**Exercise objective**
Where the string "description" appears in a line of the data, show that line.

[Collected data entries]
□ □ □

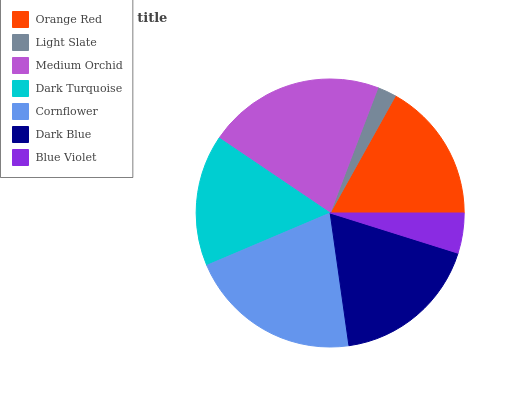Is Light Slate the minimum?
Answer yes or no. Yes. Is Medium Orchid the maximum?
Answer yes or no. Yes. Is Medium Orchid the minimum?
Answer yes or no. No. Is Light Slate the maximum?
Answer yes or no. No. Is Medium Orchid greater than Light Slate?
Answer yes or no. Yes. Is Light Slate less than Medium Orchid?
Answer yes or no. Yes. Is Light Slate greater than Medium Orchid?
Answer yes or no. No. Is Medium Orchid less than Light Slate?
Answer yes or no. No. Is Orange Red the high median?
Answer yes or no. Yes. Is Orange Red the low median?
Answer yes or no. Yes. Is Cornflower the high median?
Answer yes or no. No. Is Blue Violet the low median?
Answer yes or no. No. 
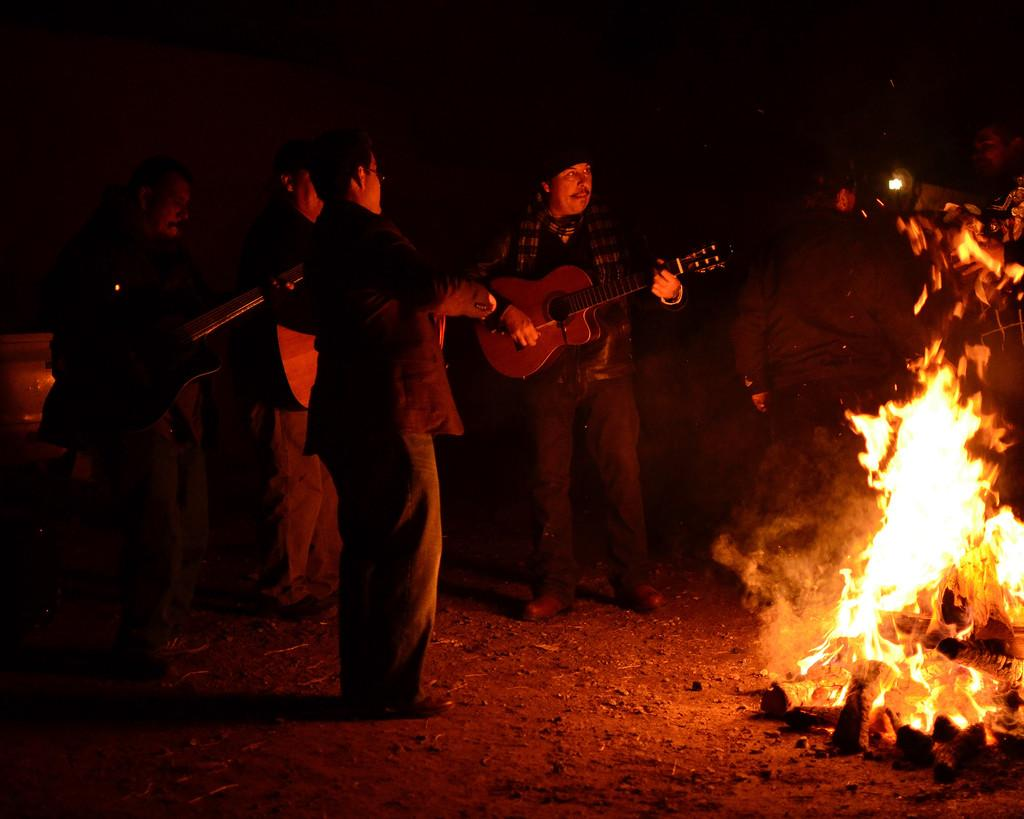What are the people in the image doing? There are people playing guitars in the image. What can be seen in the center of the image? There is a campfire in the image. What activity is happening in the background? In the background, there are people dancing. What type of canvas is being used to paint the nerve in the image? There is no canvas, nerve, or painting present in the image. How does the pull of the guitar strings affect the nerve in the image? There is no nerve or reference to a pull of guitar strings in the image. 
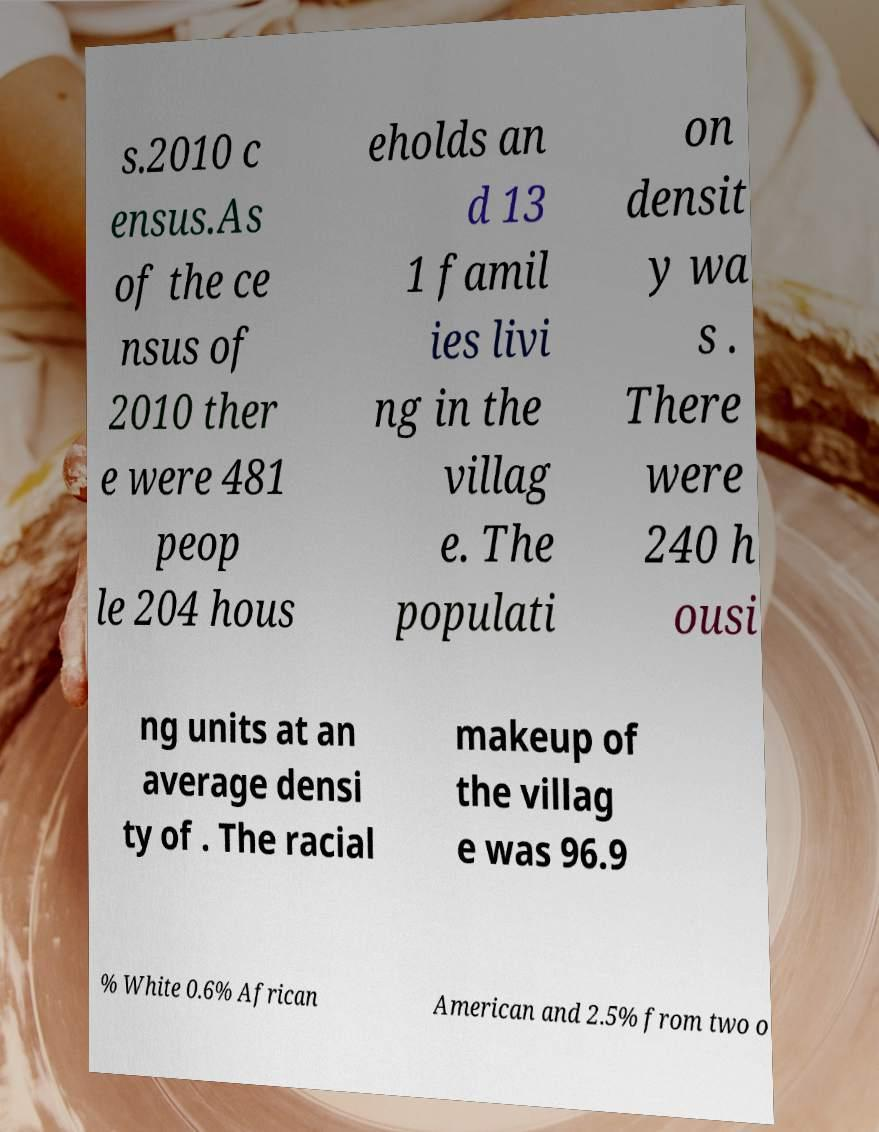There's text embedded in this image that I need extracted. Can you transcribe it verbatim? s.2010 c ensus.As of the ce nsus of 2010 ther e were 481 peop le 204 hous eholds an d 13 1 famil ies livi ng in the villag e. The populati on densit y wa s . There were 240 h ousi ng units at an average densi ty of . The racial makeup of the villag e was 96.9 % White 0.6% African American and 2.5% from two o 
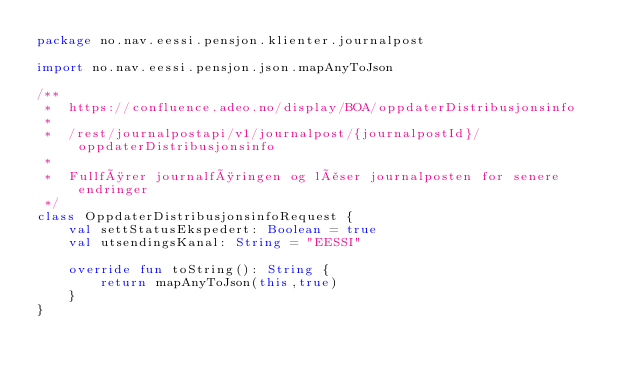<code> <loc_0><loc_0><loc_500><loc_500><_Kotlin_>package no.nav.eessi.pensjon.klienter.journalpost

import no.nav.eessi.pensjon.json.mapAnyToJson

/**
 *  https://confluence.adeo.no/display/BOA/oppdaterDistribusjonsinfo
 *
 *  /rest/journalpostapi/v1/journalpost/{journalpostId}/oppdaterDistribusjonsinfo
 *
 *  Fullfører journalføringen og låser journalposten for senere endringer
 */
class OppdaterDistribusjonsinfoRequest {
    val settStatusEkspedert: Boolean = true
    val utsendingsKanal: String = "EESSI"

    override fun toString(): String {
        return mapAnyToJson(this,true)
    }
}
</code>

□ □ □

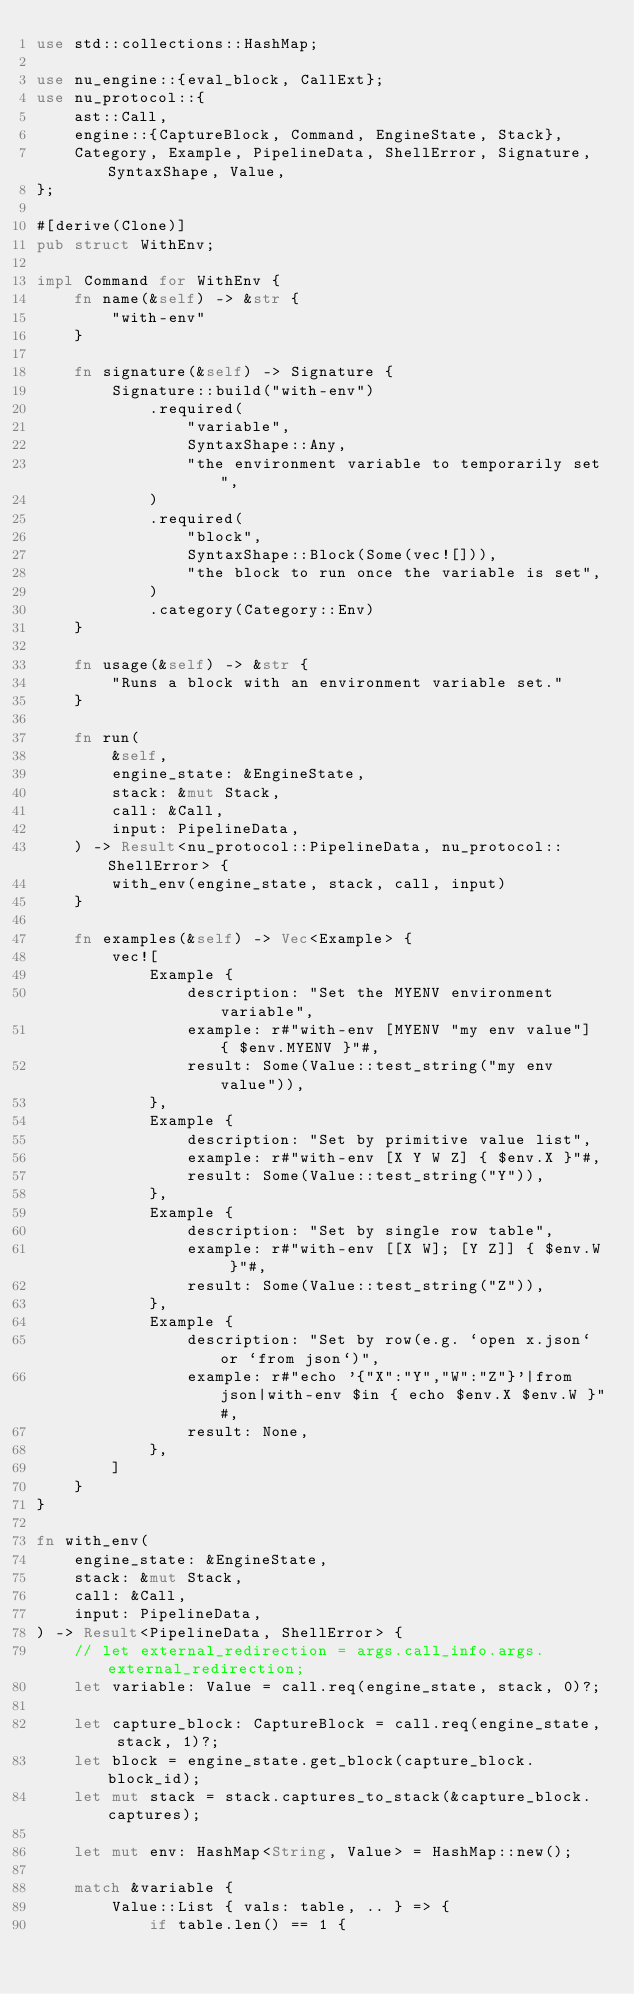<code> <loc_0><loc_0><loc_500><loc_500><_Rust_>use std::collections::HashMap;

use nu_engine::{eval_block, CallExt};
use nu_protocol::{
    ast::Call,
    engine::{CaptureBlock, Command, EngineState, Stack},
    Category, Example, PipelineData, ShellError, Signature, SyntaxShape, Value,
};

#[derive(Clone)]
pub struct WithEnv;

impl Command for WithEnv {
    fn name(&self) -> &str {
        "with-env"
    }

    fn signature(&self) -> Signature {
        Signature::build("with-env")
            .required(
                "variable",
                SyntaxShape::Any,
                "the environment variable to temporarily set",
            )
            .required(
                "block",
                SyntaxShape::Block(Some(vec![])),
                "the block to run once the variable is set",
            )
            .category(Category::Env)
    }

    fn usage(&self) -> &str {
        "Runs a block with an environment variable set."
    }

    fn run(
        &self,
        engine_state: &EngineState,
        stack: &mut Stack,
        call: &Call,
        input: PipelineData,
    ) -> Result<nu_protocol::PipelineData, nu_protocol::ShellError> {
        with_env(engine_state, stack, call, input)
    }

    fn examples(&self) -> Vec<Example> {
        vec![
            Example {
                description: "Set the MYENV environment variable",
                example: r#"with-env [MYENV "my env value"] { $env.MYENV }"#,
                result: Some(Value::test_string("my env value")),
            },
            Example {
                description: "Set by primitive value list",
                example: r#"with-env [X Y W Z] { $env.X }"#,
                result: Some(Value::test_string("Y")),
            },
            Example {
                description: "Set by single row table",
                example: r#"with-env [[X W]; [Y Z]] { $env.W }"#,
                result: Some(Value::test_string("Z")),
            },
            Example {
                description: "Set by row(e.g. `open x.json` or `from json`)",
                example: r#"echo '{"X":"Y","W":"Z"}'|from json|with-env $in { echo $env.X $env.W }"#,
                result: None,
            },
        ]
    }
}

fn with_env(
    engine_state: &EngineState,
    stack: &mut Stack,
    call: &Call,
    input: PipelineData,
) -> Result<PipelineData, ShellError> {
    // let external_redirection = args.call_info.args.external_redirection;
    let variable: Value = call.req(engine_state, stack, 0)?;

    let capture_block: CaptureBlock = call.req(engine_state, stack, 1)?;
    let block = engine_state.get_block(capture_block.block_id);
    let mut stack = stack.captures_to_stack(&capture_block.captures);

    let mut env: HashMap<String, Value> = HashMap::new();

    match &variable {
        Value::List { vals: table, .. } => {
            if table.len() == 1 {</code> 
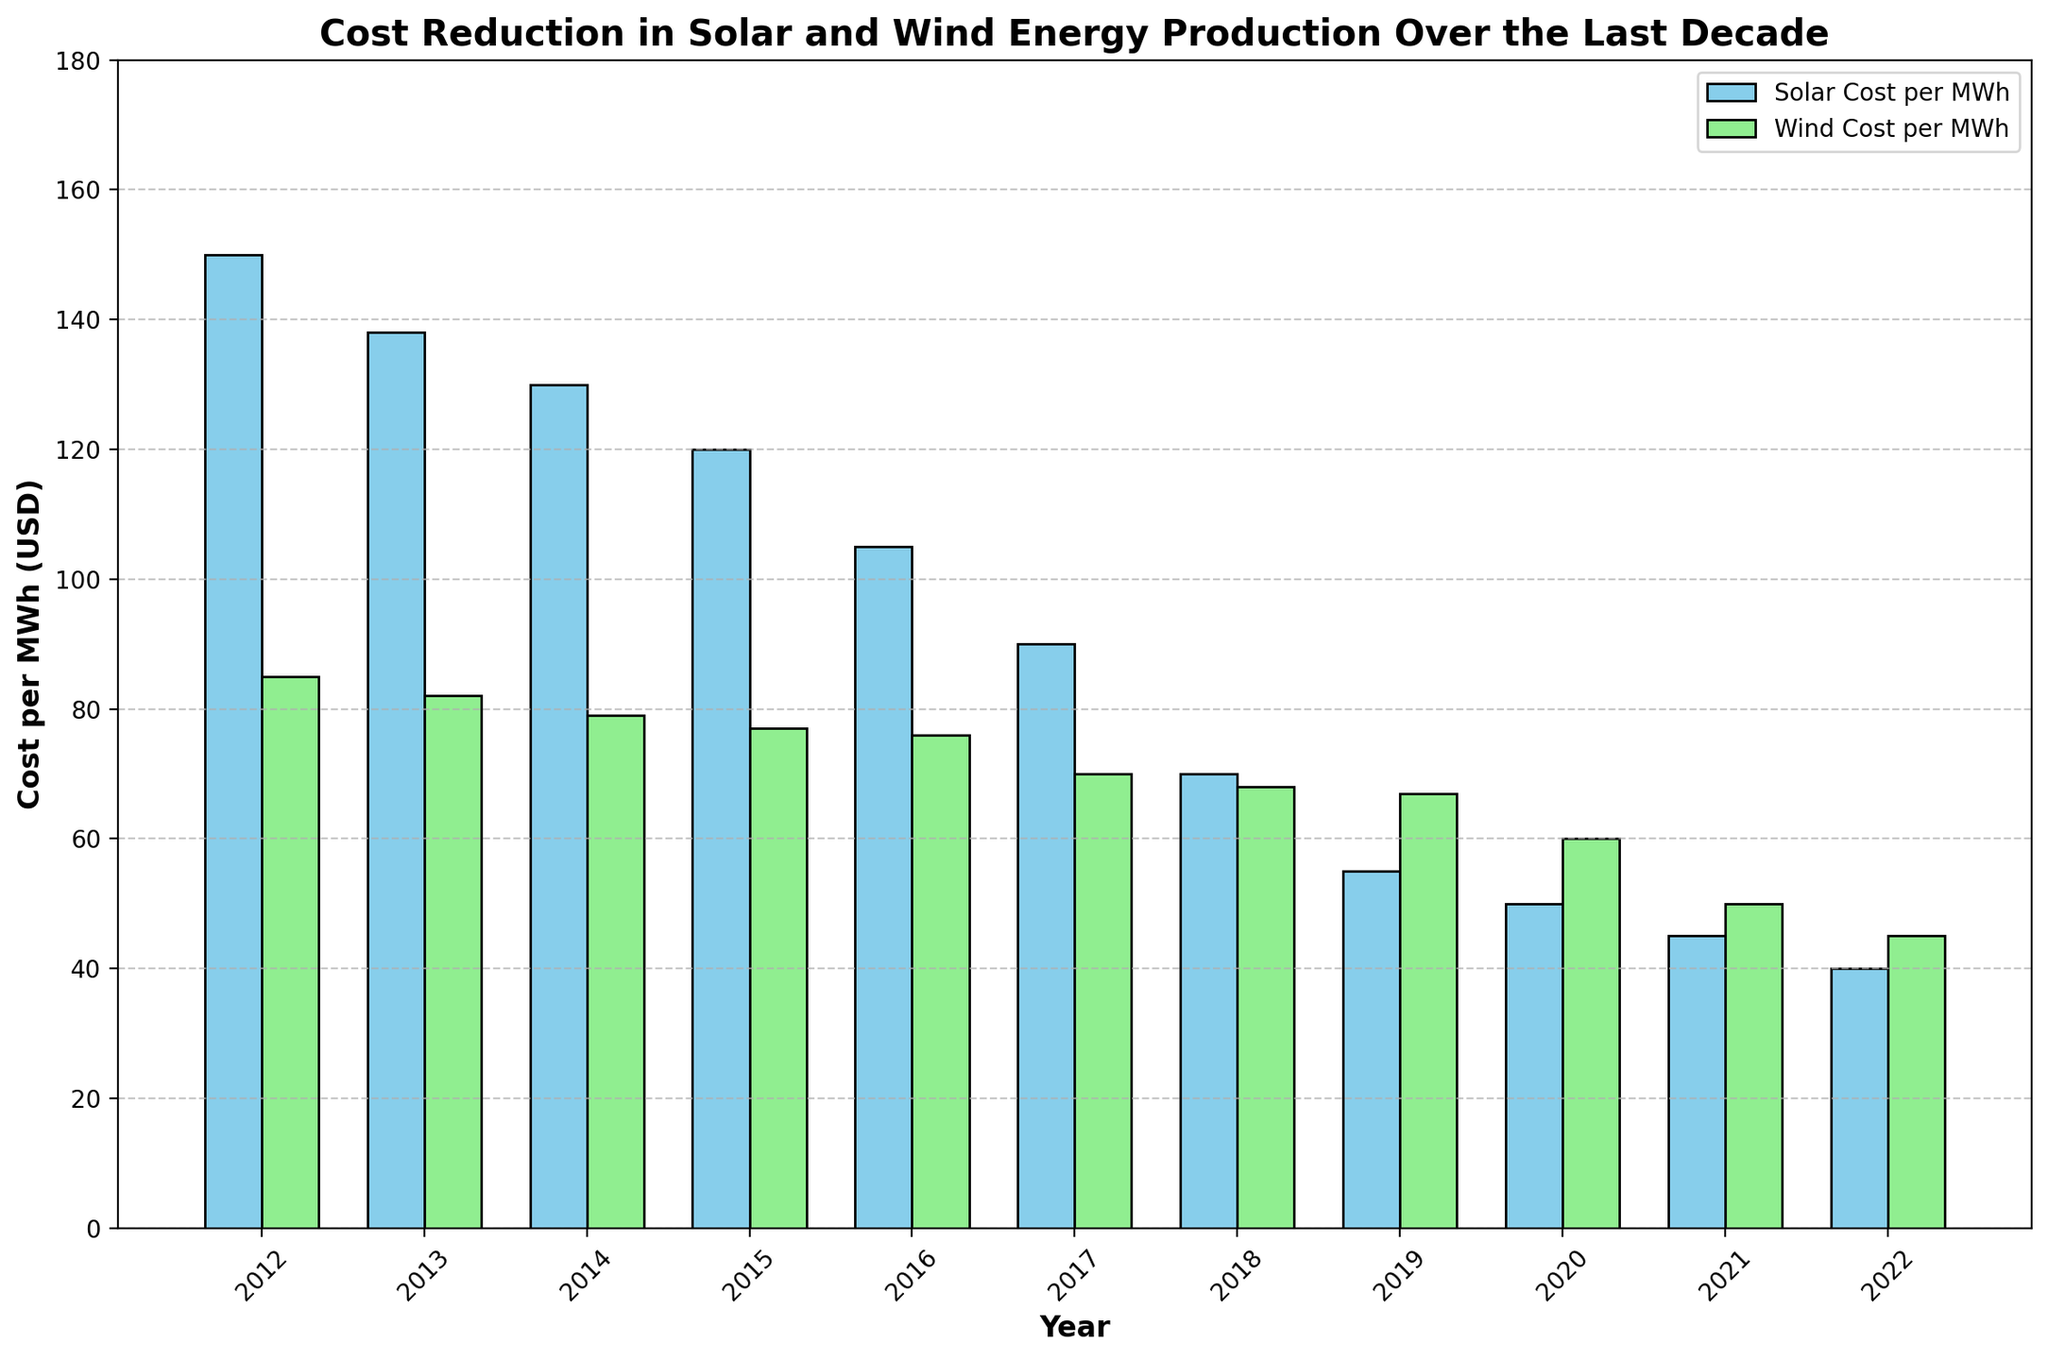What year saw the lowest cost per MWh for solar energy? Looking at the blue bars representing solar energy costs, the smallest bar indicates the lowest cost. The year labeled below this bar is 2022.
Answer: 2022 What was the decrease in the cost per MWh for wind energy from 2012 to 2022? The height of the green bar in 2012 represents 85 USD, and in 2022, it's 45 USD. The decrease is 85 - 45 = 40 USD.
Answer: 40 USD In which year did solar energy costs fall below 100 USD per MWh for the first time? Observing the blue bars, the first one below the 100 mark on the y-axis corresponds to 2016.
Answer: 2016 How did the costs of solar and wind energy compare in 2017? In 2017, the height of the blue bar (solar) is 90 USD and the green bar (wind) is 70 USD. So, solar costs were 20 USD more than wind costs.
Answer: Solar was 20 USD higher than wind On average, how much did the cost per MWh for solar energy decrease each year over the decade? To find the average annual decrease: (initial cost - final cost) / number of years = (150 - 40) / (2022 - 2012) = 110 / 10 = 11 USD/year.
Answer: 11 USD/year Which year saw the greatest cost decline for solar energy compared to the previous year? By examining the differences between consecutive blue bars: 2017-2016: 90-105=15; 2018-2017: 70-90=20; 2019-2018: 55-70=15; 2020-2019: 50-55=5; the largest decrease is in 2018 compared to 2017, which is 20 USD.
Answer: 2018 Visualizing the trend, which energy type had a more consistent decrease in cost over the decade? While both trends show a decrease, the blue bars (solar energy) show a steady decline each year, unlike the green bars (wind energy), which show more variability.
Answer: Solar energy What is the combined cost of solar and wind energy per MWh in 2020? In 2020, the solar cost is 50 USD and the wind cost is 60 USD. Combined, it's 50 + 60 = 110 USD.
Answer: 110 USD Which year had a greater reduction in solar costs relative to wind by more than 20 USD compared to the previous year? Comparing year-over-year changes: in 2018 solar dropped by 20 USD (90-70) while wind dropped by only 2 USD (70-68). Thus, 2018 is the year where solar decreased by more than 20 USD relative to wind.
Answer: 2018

□ □ □

**Written answer**
                description: "Set the MYENV environment variable",
                description: "Set by primitive value list",
                description: "Set by single row table",
                description: "Set by row(e.g. `open x.json` or `from json`)",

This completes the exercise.